There was "no logical reason for opposing this conference," Mottaki said.
The conference, dubbed "Study of the Holocaust: A Global Perspective," was initiated by Iranian President Mahmoud Ahmadinejad, who had called the Holocaust, in which 6 million Jewswere killed, a "myth."
The Iranian Foreign Ministry's Institute for Political and International Studies (IPIS), which organized the conference, said67 researchers from 30 countries would attend the meeting.
"Some people who had been asked to attend refused, saying it aims to deny the Holocaust. Others assumed the international conference was politically motivated and were reluctant to attend," IPIS chief Rassoul Moussavi said.
"Officials in charge of organizing the conference do not intend to deny or confirm it (the Holocaust). The duty of the IPIS is to create a suitable atmosphere for discussing historical issues," he said.
UN Secretary-General Kofi Annan has strongly opposed any attempt to question or deny the Holocaust, UN spokesman Stephane Dujarric said on Thursday, underlining that Annan will deeply deplore any conference whose purpose is to question or deny the reality of the Holocaust.
The conference has also aroused criticism from the United States and Germany.

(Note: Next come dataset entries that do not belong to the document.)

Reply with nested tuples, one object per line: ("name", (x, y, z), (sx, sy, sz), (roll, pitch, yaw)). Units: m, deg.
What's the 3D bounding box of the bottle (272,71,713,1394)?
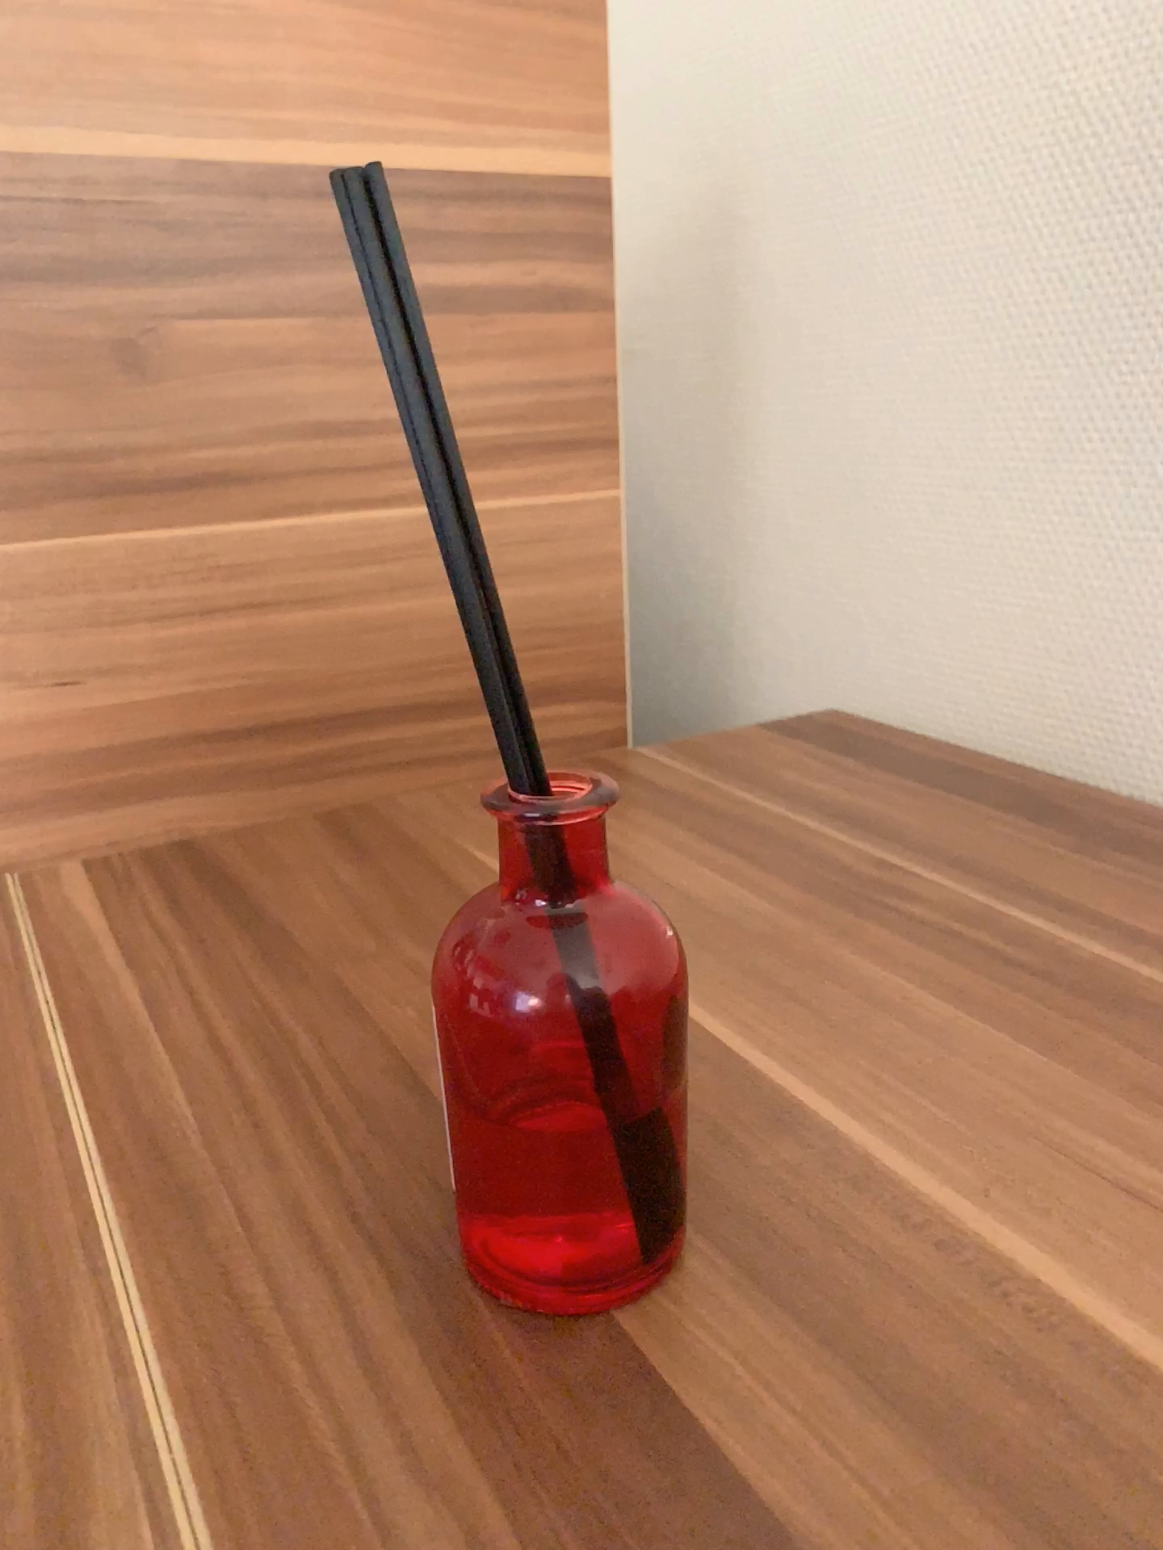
("bottle", (-0.013, 0.001, 0.243), (0.060, 0.239, 0.050), (-10, 19, -22))
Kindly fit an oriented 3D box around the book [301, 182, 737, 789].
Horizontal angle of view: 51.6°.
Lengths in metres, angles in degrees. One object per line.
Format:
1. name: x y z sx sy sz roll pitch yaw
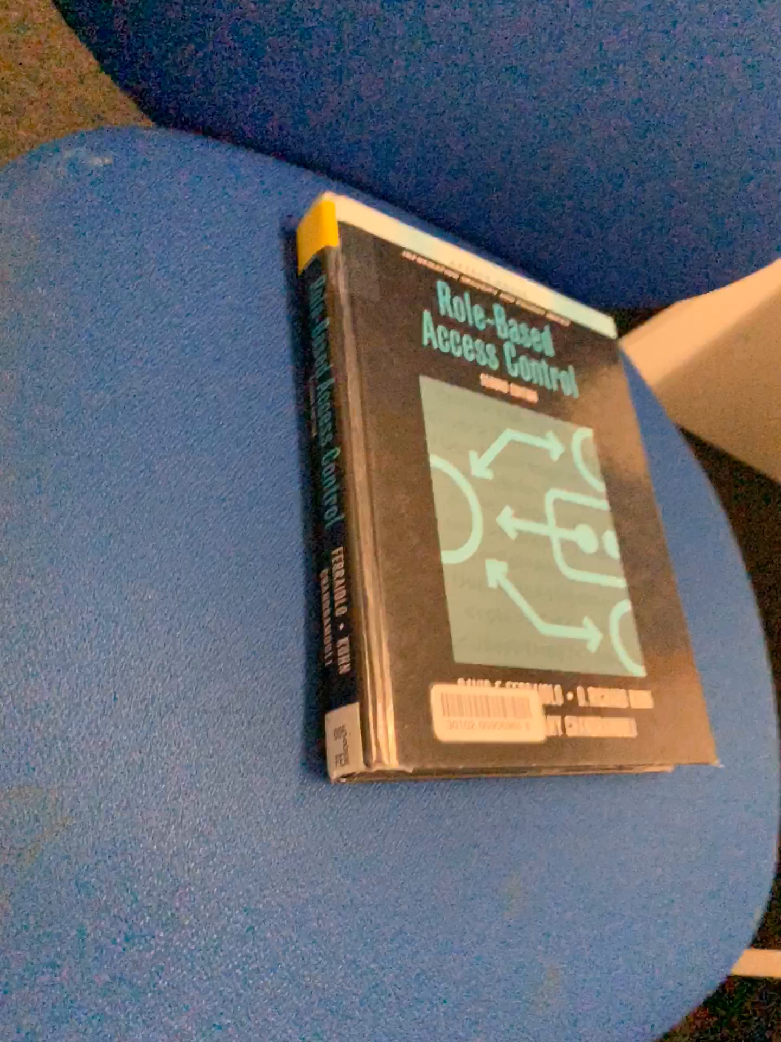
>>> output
1. book: 0.056 -0.012 0.358 0.189 0.030 0.241 12 61 -35
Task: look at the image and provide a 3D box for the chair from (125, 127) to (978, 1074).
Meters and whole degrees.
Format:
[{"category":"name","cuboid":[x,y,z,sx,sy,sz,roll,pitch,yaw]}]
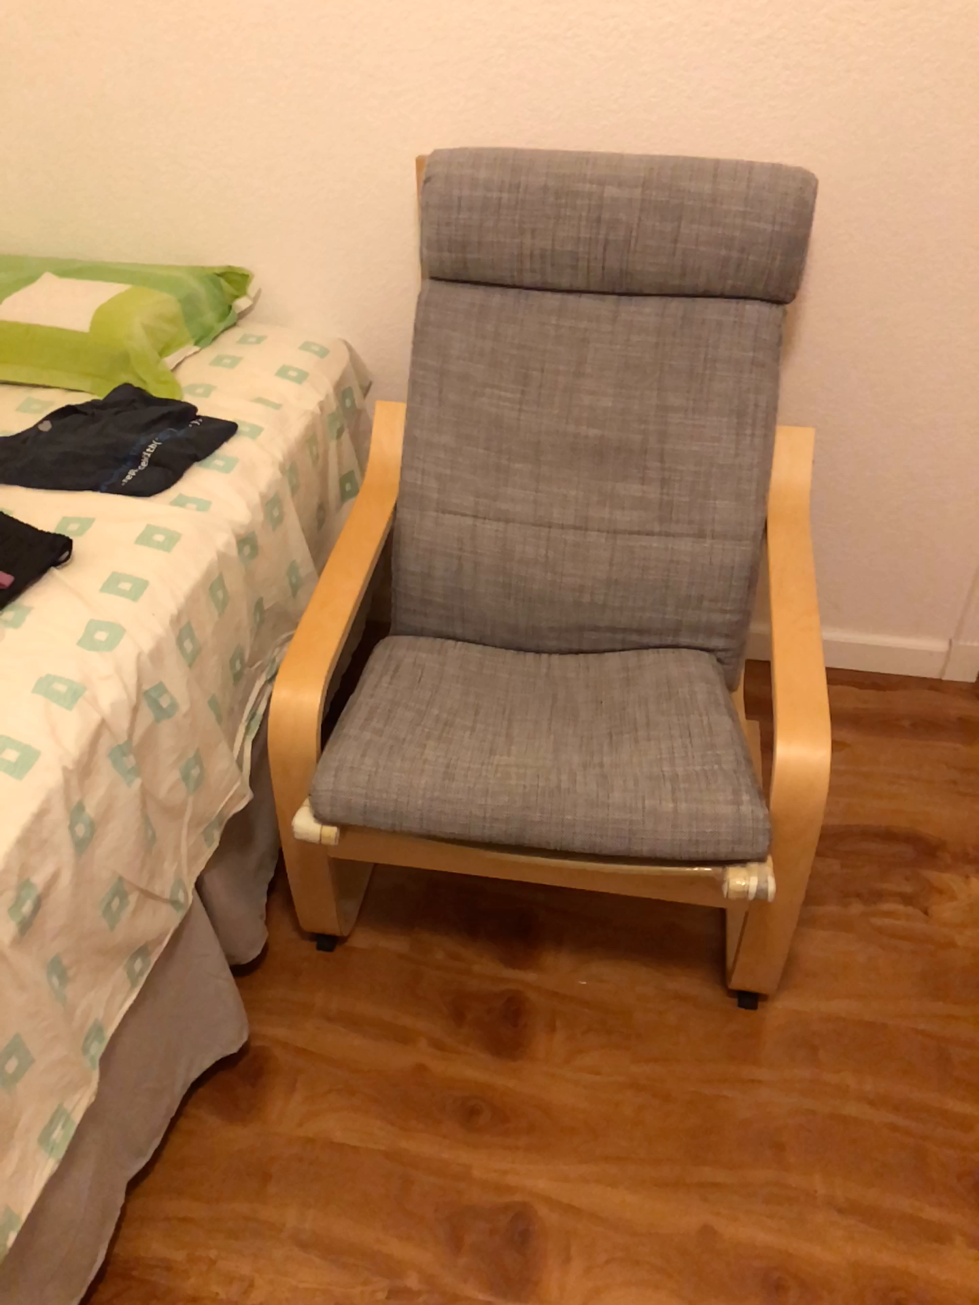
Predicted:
[{"category":"chair","cuboid":[0.108,-0.110,1.416,0.680,0.885,0.805,7,38,8]}]
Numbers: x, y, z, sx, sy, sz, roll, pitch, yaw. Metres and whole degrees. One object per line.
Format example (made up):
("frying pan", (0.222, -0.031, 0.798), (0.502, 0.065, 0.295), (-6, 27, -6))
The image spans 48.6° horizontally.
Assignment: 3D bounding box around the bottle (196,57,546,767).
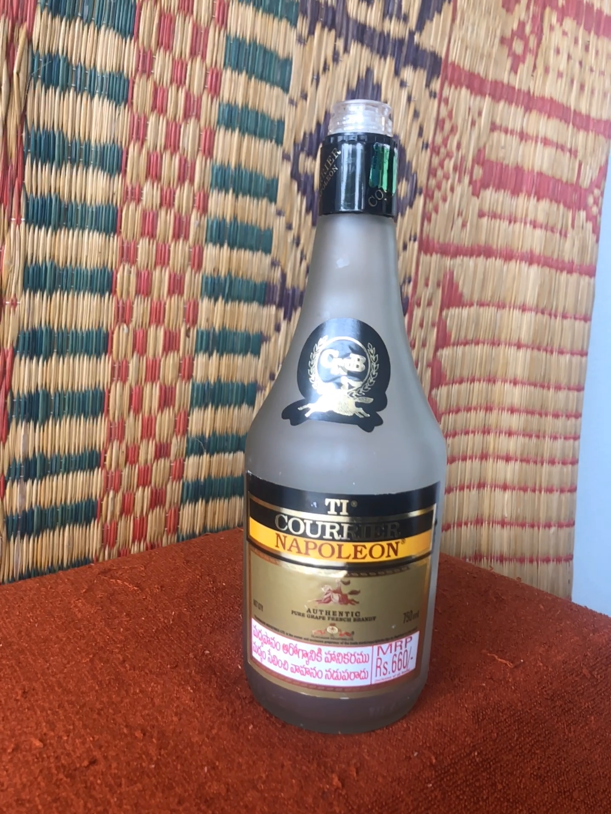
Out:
("bottle", (0.023, 0.002, 0.288), (0.100, 0.249, 0.090), (7, 10, 8))
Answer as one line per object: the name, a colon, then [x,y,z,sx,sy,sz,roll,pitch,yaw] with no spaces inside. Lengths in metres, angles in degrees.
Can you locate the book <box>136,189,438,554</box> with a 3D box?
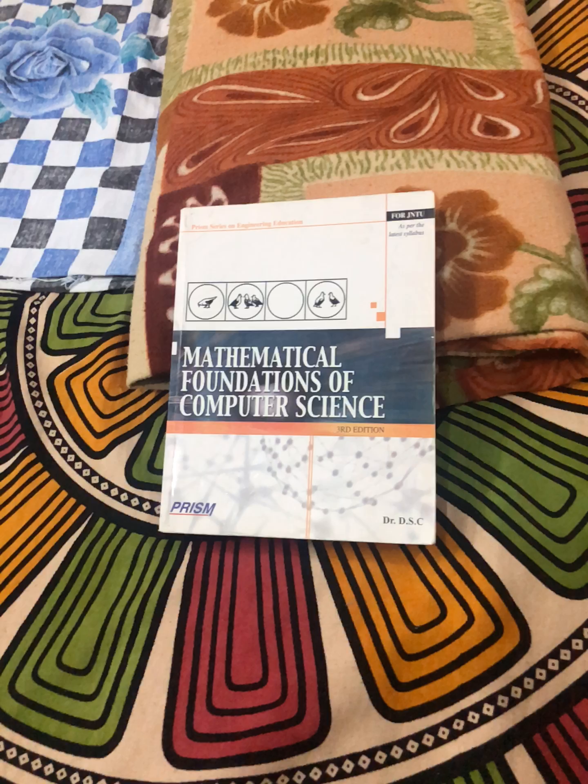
book: [-0.001,-0.013,0.443,0.190,0.050,0.230,0,81,10]
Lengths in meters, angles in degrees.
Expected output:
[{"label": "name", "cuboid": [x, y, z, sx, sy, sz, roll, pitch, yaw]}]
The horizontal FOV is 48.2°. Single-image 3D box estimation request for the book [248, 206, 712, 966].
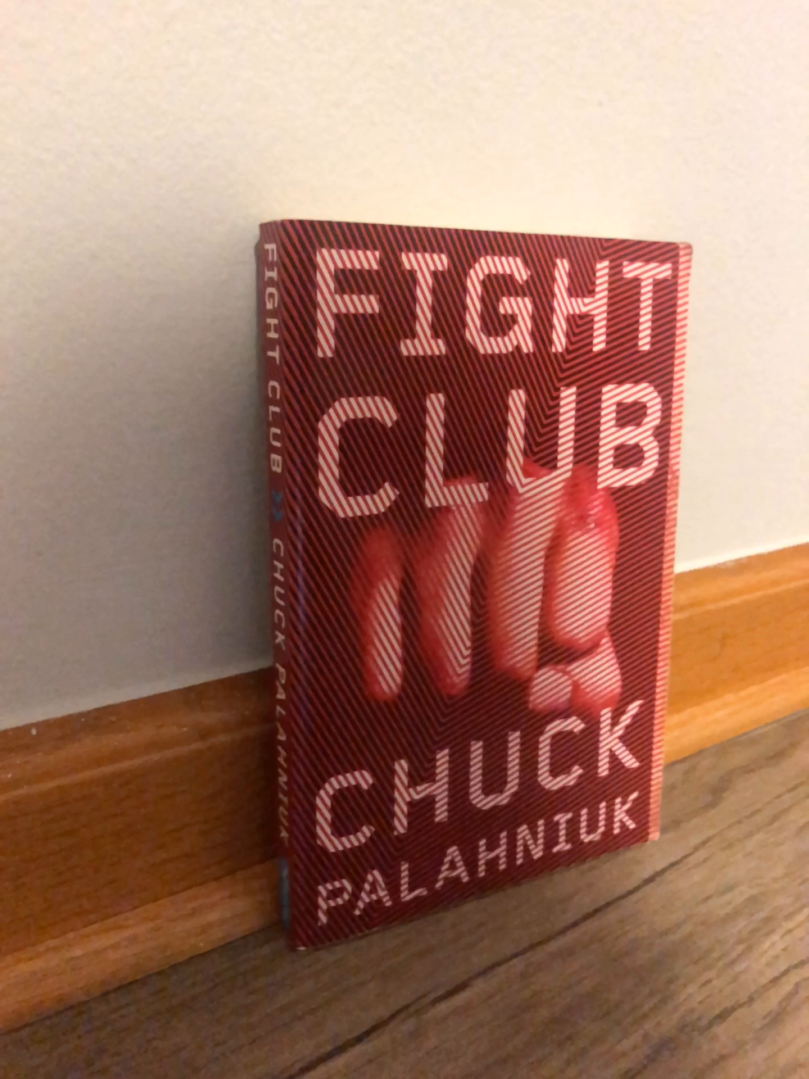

U.S. State Department spokesman Sean McCormack said on Friday that "this meeting is really focused on highlighting those people who deny that there was, in fact, a Holocaust."
"In that regard, it's just yet another disgraceful act on this particular subject by the regime in Tehran," he added.
The German Foreign Ministry called in Iran's top envoy in Berlin on Friday in protest against the conference.